Esta epopeia, de que também se conhecem notícias de solicitação persistente – do jornal Público, da Focus, da Visão –, obedientemente escrita, parece inverter em parte a máxima pombalina. Vivos e mortos, desenterrados com cuidados de poeta, habitam mundos adjacentes numa escrita que não raras vezes se estrutura em função de um dialogismo desesperado, que pode bem dispensar as palavras, que está por vezes para lá das palavras. E não conhece outra retórica que a das imagens e dos vestígios: passos, pegadas, ecos, rumores, retratos, a reiterarem o papel que é o de todos os retratos – compensar ausências: “Dessa fotografia não sobrou muita coisa, o cenário desvaneceu-se quase todo, as pessoas principiam a desaparecer” ou, na crónica em que evoca o amigo Cardoso Pires: “se não fosse desagradável para o teu pudor, confessava-te que tenho o teu retrato ali, naquela mesa […] o olhinho divertido atrás dos óculos, a boca de quem acabou de pregar uma partida ao mundo e se escondeu num canto a troçar dele”.
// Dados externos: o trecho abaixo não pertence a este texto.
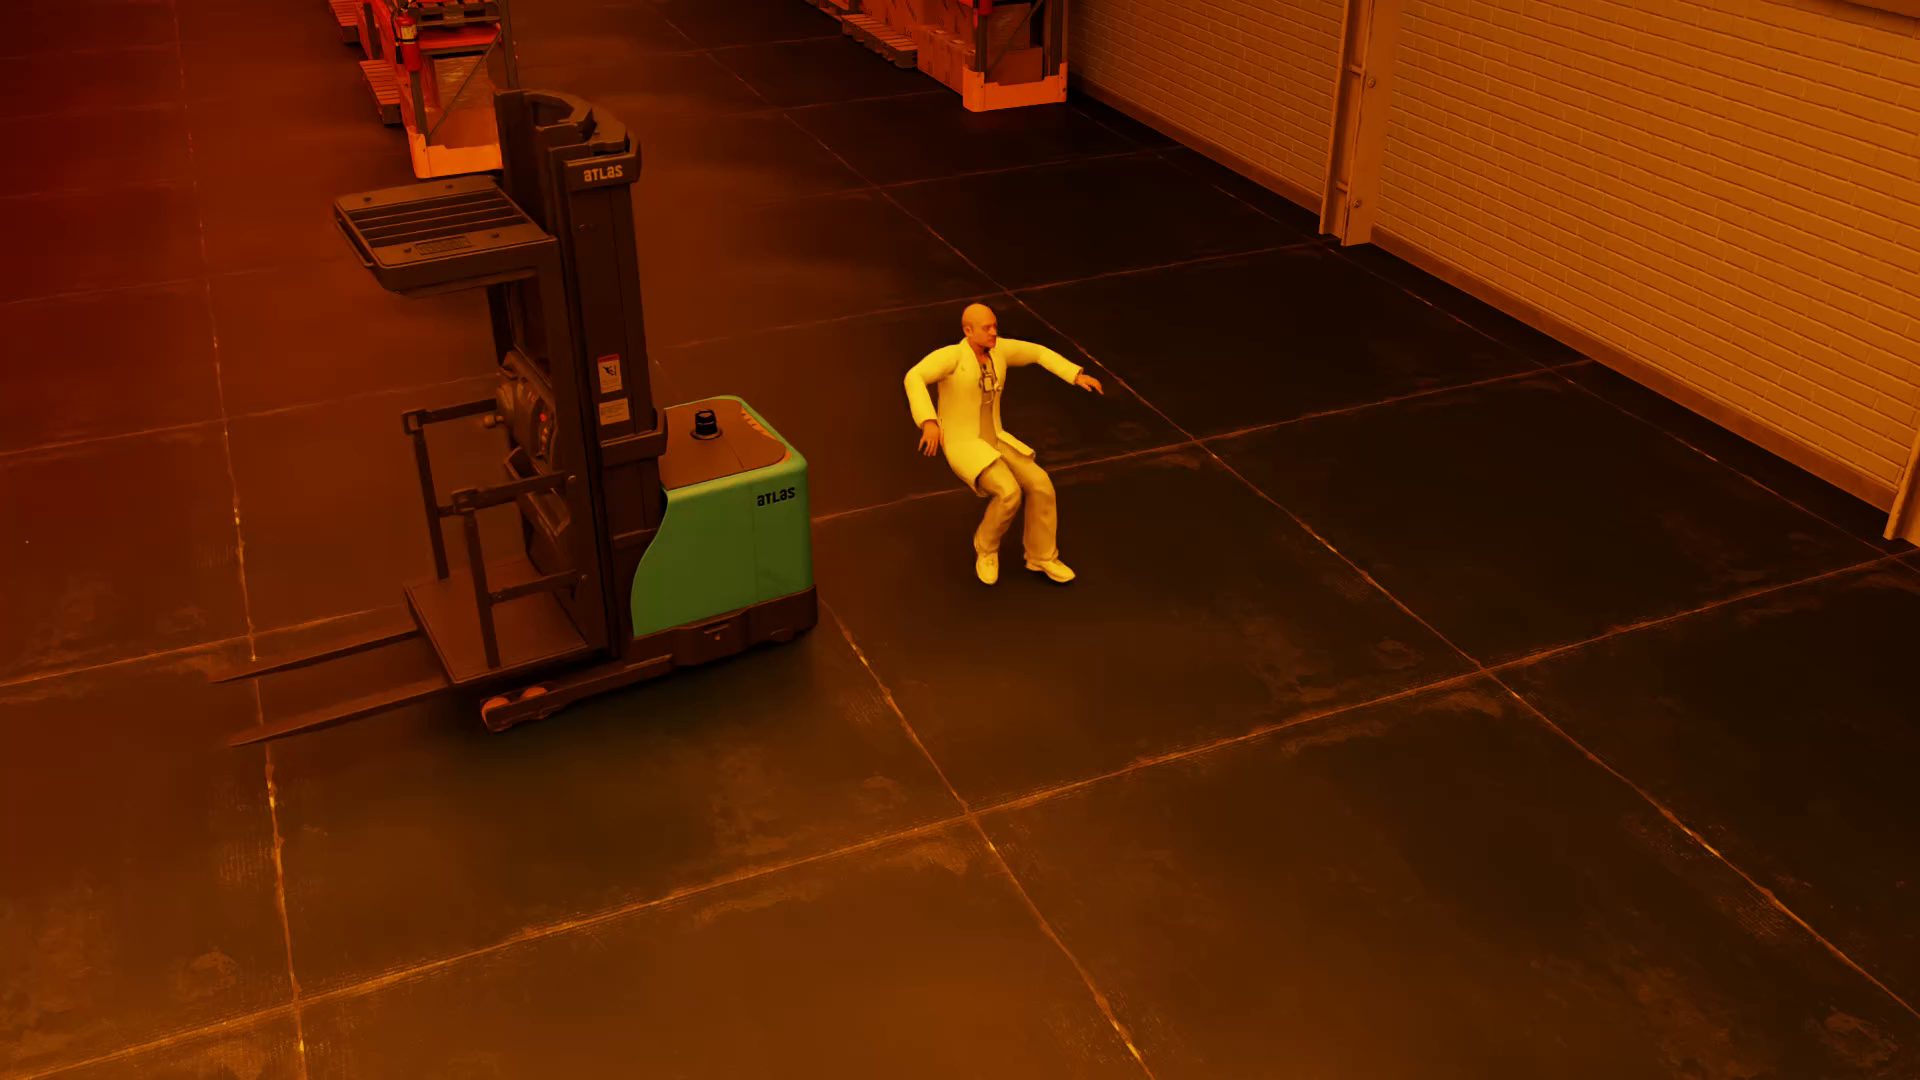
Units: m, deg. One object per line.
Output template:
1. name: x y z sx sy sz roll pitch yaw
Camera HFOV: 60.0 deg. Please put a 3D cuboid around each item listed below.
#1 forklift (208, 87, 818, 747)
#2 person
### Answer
1. forklift: -2.321 -0.610 8.186 3.031 2.935 1.130 -16 33 -25
2. person: 0.272 -0.512 9.425 0.894 1.532 1.198 23 37 35

Nestas admiráveis crónicas, a moverem-se na esfera dos pequenos formatos domésticos e quotidianos que transportam no seu curso a nossa história coletiva, vai passando Portugal, com as suas peripécias, suas proezas de taberna, fraquezas quotidianas, cansaços, desencantos, frustrações, lágrimas contidas (“Que mariquice chorar”), correlativos do desamparo em que se vive. São lusíadas sem recursos de salvação nem ajudas providenciais os que povoam as páginas destas crónicas de medida humana. O amor é uma ilha afundada, pelas relações difíceis, frias, fracassadas, impossíveis.
Os “heróis”, em muitos casos gente mais ou menos anónima, rompem com o retrato exemplar do herói clássico. É o caso do Pontinha, com os seus “dentes mal plantados”, batido pelas ondas do infortúnio quotidiano, a bater e a levar da mulher; do Necas bêbado, com um cabelo que é “um hino à caspa e à gordura”; do Florentino, “bebedor homérico”, ou do senhor Joaquim, “pequeno e bexigoso”, orgulhoso da doença de Parkinson do filho. E são raras as mulheres com “orgulho de navio à vela”.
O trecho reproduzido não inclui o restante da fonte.